What follows is a real life story, I have not changed any of the names because these brands need to be taken out back and given a stern talking too.

Executive Summary: Nobody enters your contest because you make it nearly impossible.

Let me start with full disclosure. My sister works for Budget Rent-a-car, because of this, I always use them. For the most part my experience with the company have been excellent. But as one of the leading car rental brands in the United States I would have thought they could have done better with their latest Facebook promotion/contest.

Budget Facebook Contest

Looks good so far…

It started out when I saw their post in my news feed Sunday afternoon. My son has been asking about LEGOland, so I was interested in finding out more.

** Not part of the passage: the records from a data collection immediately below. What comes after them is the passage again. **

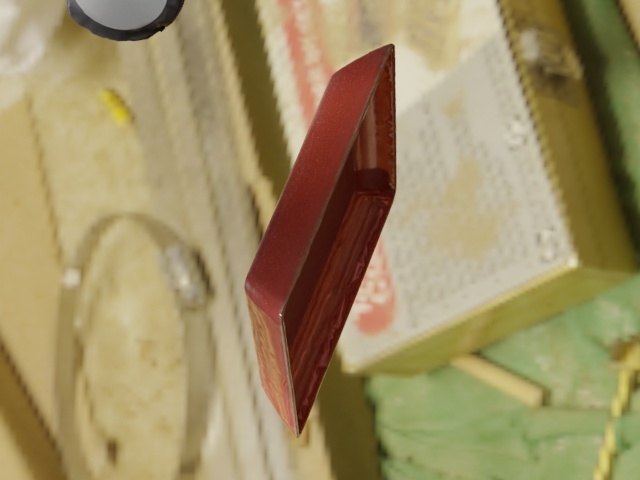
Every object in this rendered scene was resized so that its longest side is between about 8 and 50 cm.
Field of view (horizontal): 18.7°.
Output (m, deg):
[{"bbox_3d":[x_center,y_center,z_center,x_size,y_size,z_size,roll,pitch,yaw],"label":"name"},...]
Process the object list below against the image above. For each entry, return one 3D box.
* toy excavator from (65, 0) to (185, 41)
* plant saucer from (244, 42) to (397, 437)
[{"bbox_3d":[-0.103,-0.441,1.472,0.445,0.433,0.222,-32,22,26],"label":"toy excavator"},{"bbox_3d":[0.000,0.000,1.608,0.047,0.259,0.258,17,65,10],"label":"plant saucer"}]
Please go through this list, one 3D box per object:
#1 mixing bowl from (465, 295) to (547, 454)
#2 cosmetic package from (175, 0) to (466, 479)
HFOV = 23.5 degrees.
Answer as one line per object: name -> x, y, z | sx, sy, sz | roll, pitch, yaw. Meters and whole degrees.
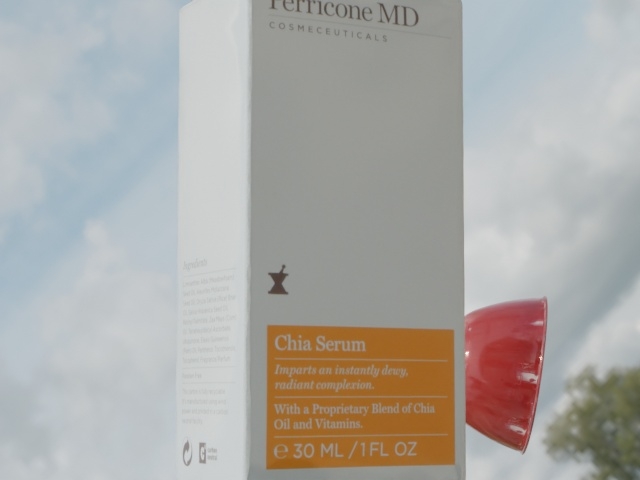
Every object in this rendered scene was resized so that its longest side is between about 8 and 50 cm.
mixing bowl -> 0.193, 0.145, 1.731 | 0.181, 0.098, 0.181 | 8, -90, -87
cosmetic package -> 0.000, 0.000, 1.418 | 0.230, 0.453, 0.161 | 2, -6, -27
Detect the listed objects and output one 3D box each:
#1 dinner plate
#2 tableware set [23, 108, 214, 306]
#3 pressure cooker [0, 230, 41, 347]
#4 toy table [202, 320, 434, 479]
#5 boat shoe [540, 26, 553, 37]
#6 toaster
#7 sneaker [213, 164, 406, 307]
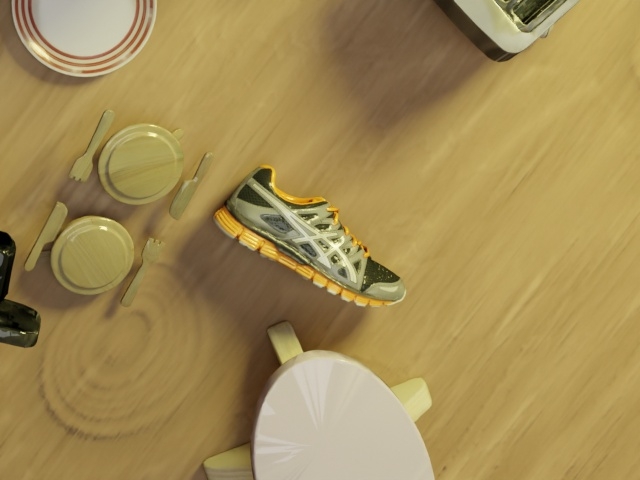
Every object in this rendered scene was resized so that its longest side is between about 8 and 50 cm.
[{"bbox_3d":[-0.231,-0.231,1.844,0.141,0.017,0.141,-3,105,-11],"label":"dinner plate"},{"bbox_3d":[-0.208,-0.036,1.892,0.128,0.039,0.194,23,106,-28],"label":"tableware set"},{"bbox_3d":[-0.489,0.095,1.703,0.370,0.375,0.421,1,109,-52],"label":"pressure cooker"},{"bbox_3d":[0.010,0.224,1.942,0.252,0.161,0.274,-10,106,-8],"label":"toy table"},{"bbox_3d":[0.247,-0.253,1.926,0.035,0.035,0.100,14,95,-12],"label":"boat shoe"},{"bbox_3d":[0.179,-0.279,1.847,0.185,0.110,0.168,-41,93,0],"label":"toaster"},{"bbox_3d":[0.000,0.000,1.921,0.215,0.084,0.083,29,93,-16],"label":"sneaker"}]
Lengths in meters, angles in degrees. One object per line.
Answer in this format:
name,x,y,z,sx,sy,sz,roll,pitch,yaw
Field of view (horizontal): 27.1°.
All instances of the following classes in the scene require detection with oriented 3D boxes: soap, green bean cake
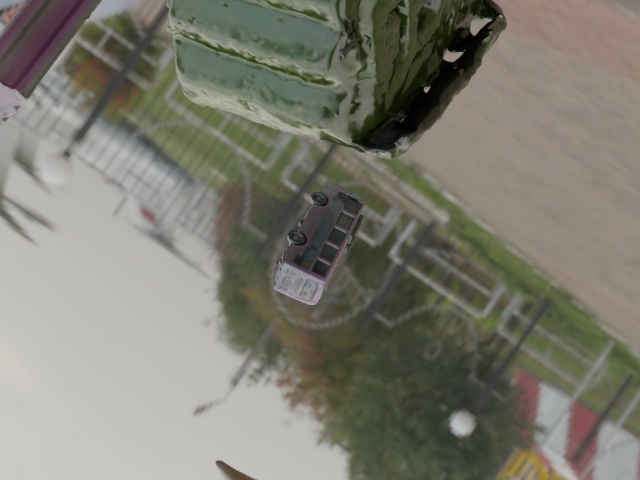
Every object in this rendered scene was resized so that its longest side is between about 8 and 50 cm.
soap,-0.323,-0.219,1.472,0.065,0.203,0.122,39,143,-17
green bean cake,0.029,-0.268,1.009,0.218,0.335,0.319,16,135,18

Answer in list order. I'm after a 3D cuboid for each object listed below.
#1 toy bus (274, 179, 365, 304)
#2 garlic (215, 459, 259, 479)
toy bus,0.000,0.000,1.129,0.052,0.037,0.131,24,-141,4
garlic,-0.059,0.309,0.766,0.249,0.313,0.286,40,162,13
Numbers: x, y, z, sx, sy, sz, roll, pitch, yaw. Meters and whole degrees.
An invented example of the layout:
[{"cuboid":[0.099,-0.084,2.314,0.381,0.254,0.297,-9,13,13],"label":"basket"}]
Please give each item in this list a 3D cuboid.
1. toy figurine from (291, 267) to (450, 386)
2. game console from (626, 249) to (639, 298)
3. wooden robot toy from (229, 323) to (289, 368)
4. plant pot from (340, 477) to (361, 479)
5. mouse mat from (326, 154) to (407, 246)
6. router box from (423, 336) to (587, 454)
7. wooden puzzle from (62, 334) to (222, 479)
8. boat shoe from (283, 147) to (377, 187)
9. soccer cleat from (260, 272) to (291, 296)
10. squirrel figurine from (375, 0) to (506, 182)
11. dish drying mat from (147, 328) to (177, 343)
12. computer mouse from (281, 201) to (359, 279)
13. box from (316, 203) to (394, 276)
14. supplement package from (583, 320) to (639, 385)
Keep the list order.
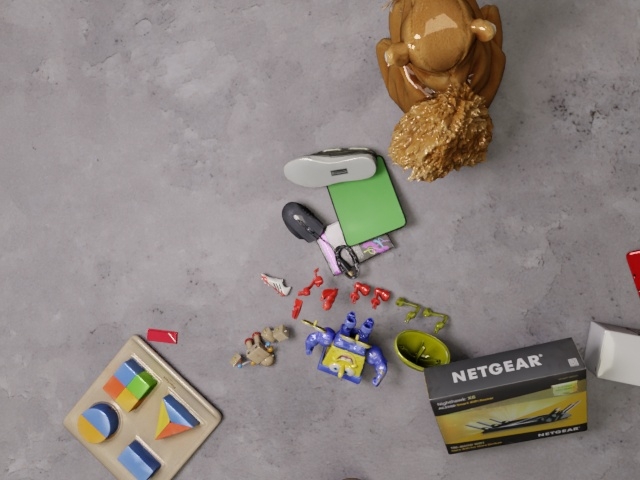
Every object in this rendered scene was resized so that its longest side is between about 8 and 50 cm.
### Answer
[{"cuboid":[0.096,0.246,1.282,0.362,0.191,0.217,19,128,0],"label":"toy figurine"},{"cuboid":[0.756,0.072,1.181,0.124,0.085,0.144,-18,90,-20],"label":"game console"},{"cuboid":[-0.138,0.272,1.352,0.173,0.076,0.079,-38,121,10],"label":"wooden robot toy"},{"cuboid":[0.010,0.707,1.259,0.229,0.263,0.263,-28,87,29],"label":"plant pot"},{"cuboid":[0.104,-0.093,1.280,0.152,0.007,0.190,-21,74,11],"label":"mouse mat"},{"cuboid":[0.396,0.339,1.163,0.308,0.081,0.243,-15,130,12],"label":"router box"},{"cuboid":[-0.474,0.470,1.407,0.322,0.080,0.348,41,99,6],"label":"wooden puzzle"},{"cuboid":[0.025,-0.176,1.284,0.219,0.070,0.078,-2,127,11],"label":"boat shoe"},{"cuboid":[-0.110,0.103,1.346,0.083,0.029,0.036,40,90,4],"label":"soccer cleat"},{"cuboid":[0.249,-0.318,1.079,0.280,0.370,0.398,-6,92,11],"label":"squirrel figurine"},{"cuboid":[-0.411,0.249,1.420,0.083,0.008,0.032,4,94,11],"label":"dish drying mat"},{"cuboid":[0.000,0.000,1.283,0.242,0.041,0.071,42,99,7],"label":"computer mouse"},{"cuboid":[0.078,-0.001,1.302,0.162,0.029,0.116,-26,86,13],"label":"box"},{"cuboid":[0.671,0.246,1.160,0.179,0.105,0.105,10,95,10],"label":"supplement package"}]

I was impressed that they actually listed 2 landing pages, one for desktop and one for mobile. Very few ads actually have two dedicated landing pages.

The problems started when I clicked on the mobile link.

Budget Facebook contest landing page

uh oh…

The page that opened was small and hard to read, not what I was expecting for a landing page optimized for mobile devices. There was really two main problems from my point of view.

1. The landing page font was too small.
2. The layout is wide, like it’s made for either a sideways tablet or a traditional desktop monitor.

Mobile optimized usually means phone first, tablet second. It also becomes clear that Budget is using promoSPARK as their Facebook contest platform. I could tell because rather than having Legoland or Budget as the title of the page, they chose to have it promoSPARK – Legoland 3.

I could see the graphical button that said Enter Sweepstakes, so I clicked on that.

Budget Facebook modal window

UX problem

On the list of Things NOT to do on a Mobile Landing Page, I would hope popping up a centered modal window would be listed.

The reason is, when you position the modal window absolutely I can’t pinch and zoom it to fill out the fields because the window disappears out of my viewport as I zoom!

The entry page should have been its own page, the modal window was a bad UX call all around.

Budget Facebook zoom FAIL

UX FAIL

Some of you reading this may have a giant smart phone and maybe you could see the fields, or maybe even a tablet, but on my iPhone 5s it might as well not even existed. So I un-pinched it to start zooming… FAIL.

This whole interaction made me think of what happens when big brands want to appear to be active and hip on social media but aren’t actually putting the resources into it.

This morning I decided to take a look at the differences between the mobile landing page and the full version (below). Now it all starts to make sense, they didn’t actually make a mobile landing page at all. Budget, or promoSPARK, took a shortcut.

Budget Facebook Contest full version

I may be hypersensitive to things like this because a bunch of my friends work at the premier social media agency in the world and help big brands look smart. This is a situation where Budget was trying to get something going on Facebook and the entire interaction was so frustrating that I imagine the drop-off rate must be astronomical.

The lesson here is to optimize for the audience you’re shooting at!

[UPDATE]

I received a call from Kate Stanley at Budget who told me that she felt bad that I took notice of one of her quick “help someone out” promotions. She explained to me, as Jim Tobin mentions down in the comments, that she relied on promoSPARK to get something up quickly. I know it stinks when someone only takes note of your weakest effort, but that’s the way life is now. Every brand is on display for a billion people to evaluate them every time they engage on Facebook.

I commend Kate for calling and clarify the situation. There aren’t many brand managers that are that on top of things. Although this post probably stings a little bit today, I hope it helps Kate get the support and resources she needs to position Budget as a social media leader.